## Activity:
With the line that contains "(7) Sectioned sample" as the first line, output exactly every line through the end of the material.

======== Exercise data ========

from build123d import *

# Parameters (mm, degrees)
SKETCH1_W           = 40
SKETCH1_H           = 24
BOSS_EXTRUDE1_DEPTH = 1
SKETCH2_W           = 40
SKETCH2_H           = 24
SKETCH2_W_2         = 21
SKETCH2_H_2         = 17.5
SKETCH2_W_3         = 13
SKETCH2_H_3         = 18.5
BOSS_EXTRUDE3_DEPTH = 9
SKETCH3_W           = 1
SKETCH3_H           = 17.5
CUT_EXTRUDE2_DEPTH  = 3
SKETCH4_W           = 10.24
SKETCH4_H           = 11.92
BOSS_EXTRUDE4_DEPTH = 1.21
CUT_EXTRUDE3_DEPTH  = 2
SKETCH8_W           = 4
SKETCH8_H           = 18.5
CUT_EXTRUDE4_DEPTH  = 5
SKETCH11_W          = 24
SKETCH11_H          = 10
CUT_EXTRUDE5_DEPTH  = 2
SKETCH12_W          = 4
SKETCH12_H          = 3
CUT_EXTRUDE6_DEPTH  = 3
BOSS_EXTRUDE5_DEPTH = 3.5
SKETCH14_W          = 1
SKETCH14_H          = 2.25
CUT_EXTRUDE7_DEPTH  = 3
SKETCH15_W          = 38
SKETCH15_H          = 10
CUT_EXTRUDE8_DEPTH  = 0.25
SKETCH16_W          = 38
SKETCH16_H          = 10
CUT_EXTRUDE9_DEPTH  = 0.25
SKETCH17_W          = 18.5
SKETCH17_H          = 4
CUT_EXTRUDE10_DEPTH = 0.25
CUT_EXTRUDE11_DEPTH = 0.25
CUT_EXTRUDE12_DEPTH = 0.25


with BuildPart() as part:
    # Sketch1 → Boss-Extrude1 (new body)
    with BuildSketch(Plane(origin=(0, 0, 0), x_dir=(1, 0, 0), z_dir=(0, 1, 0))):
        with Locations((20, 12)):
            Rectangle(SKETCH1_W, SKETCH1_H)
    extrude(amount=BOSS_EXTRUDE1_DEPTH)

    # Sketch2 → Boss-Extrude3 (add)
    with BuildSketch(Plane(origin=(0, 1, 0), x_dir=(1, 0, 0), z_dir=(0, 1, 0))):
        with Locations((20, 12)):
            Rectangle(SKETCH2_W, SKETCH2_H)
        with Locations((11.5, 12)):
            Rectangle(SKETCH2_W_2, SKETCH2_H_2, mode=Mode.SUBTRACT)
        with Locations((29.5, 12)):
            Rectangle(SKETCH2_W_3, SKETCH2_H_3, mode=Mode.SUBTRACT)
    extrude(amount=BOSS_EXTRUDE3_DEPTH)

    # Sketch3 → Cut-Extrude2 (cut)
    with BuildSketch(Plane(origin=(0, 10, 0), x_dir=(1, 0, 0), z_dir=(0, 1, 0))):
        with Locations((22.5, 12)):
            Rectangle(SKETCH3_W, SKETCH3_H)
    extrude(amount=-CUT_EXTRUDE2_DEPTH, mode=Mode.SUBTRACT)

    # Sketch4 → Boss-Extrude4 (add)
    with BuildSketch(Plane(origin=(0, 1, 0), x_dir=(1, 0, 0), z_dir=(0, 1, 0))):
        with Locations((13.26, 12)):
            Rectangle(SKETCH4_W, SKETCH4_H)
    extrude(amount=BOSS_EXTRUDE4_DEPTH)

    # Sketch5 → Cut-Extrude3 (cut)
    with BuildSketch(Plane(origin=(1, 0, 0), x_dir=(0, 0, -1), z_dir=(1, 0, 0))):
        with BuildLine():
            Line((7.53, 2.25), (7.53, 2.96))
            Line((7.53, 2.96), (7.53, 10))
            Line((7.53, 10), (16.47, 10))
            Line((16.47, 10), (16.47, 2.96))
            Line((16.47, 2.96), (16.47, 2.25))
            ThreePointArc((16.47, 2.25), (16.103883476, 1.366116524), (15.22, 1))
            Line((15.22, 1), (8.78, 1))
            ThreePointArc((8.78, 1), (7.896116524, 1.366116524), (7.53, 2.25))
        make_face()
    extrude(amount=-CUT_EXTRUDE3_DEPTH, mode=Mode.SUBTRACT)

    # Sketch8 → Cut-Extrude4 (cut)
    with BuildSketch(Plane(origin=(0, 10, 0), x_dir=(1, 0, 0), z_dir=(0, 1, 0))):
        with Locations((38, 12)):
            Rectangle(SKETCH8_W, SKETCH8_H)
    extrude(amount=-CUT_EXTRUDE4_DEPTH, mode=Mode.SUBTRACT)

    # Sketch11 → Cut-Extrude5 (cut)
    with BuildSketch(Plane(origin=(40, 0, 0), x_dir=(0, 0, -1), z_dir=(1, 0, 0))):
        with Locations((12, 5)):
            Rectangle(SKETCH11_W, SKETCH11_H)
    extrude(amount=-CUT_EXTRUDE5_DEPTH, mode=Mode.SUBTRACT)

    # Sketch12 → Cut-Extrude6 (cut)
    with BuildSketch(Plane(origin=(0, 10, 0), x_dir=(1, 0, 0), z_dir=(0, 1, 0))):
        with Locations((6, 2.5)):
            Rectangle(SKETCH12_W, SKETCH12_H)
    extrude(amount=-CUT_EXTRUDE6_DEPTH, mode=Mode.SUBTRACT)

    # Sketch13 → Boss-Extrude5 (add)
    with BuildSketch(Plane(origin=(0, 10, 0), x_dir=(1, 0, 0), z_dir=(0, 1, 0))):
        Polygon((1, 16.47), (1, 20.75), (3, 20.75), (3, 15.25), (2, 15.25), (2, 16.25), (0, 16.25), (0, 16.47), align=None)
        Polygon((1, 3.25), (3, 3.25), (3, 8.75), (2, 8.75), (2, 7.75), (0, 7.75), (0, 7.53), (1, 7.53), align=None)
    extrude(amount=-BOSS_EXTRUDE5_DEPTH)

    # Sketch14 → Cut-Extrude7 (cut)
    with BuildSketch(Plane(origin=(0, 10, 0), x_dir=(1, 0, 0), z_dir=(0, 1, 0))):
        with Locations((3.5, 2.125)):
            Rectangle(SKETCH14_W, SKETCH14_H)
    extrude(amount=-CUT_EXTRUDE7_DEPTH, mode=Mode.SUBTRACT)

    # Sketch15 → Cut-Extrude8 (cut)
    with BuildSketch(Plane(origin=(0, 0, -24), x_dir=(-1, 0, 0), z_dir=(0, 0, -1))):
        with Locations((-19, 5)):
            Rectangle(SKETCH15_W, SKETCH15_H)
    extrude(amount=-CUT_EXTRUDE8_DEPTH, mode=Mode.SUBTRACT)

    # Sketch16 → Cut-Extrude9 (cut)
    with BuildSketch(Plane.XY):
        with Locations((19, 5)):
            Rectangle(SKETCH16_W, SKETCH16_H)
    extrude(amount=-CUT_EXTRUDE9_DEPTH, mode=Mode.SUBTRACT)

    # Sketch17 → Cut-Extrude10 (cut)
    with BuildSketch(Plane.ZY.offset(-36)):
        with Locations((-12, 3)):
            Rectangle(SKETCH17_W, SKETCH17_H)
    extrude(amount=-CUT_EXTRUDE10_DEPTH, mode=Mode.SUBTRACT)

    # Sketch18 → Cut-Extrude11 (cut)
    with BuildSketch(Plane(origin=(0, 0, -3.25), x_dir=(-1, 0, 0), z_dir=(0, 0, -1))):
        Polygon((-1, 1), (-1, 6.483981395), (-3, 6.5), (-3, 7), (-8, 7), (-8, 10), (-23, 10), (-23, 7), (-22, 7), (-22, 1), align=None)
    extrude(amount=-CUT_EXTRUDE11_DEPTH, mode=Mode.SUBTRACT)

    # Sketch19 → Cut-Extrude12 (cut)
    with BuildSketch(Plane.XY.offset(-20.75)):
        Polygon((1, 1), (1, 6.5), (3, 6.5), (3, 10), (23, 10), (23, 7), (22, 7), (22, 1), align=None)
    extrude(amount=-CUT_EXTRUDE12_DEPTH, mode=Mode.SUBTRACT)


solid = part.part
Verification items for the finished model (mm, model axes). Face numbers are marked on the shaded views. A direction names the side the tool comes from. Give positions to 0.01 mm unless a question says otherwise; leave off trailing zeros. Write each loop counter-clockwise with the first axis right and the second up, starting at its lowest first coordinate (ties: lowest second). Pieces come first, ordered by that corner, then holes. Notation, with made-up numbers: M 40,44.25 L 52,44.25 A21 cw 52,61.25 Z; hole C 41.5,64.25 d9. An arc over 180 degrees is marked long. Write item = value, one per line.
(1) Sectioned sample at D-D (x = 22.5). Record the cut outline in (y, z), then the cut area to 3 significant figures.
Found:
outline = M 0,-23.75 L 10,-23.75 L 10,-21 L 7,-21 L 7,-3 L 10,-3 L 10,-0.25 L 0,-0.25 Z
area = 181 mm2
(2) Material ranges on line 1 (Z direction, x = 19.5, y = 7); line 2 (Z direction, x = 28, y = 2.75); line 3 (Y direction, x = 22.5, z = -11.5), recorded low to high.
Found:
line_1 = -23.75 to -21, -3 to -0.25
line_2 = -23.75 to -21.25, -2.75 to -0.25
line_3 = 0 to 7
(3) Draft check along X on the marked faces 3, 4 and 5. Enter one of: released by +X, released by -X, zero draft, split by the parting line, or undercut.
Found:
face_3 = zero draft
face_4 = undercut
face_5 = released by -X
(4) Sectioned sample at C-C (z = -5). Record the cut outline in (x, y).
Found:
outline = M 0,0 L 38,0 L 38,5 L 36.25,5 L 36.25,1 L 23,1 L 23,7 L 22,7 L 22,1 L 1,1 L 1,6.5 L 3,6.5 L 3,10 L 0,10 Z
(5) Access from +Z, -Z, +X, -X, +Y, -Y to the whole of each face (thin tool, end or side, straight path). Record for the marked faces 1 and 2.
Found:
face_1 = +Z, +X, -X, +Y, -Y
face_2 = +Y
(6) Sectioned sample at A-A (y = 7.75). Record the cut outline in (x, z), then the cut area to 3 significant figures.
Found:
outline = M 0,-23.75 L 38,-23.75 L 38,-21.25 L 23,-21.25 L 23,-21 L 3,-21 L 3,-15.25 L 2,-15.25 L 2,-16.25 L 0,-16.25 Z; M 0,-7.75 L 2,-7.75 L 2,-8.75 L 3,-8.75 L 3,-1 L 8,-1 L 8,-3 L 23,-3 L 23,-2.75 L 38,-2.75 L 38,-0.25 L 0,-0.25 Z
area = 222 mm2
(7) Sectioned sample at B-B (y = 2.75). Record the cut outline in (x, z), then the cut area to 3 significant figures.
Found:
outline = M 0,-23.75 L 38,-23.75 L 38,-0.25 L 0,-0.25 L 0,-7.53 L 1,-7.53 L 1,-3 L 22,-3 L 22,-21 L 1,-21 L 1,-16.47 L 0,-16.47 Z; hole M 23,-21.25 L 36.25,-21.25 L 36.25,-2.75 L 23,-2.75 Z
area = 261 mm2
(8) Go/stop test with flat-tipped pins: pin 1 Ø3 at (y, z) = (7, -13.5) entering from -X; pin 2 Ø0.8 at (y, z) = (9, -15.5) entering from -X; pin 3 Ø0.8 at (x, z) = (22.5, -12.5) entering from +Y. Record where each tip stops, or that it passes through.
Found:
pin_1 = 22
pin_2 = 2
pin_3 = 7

========

## Exercise solution:
(7) Sectioned sample at B-B (y = 2.75). Record the cut outline in (x, z), then the cut area to 3 significant figures.
Found:
outline = M 0,-23.75 L 38,-23.75 L 38,-0.25 L 0,-0.25 L 0,-7.53 L 1,-7.53 L 1,-3 L 22,-3 L 22,-21 L 1,-21 L 1,-16.47 L 0,-16.47 Z; hole M 23,-21.25 L 36.25,-21.25 L 36.25,-2.75 L 23,-2.75 Z
area = 261 mm2
(8) Go/stop test with flat-tipped pins: pin 1 Ø3 at (y, z) = (7, -13.5) entering from -X; pin 2 Ø0.8 at (y, z) = (9, -15.5) entering from -X; pin 3 Ø0.8 at (x, z) = (22.5, -12.5) entering from +Y. Record where each tip stops, or that it passes through.
Found:
pin_1 = 22
pin_2 = 2
pin_3 = 7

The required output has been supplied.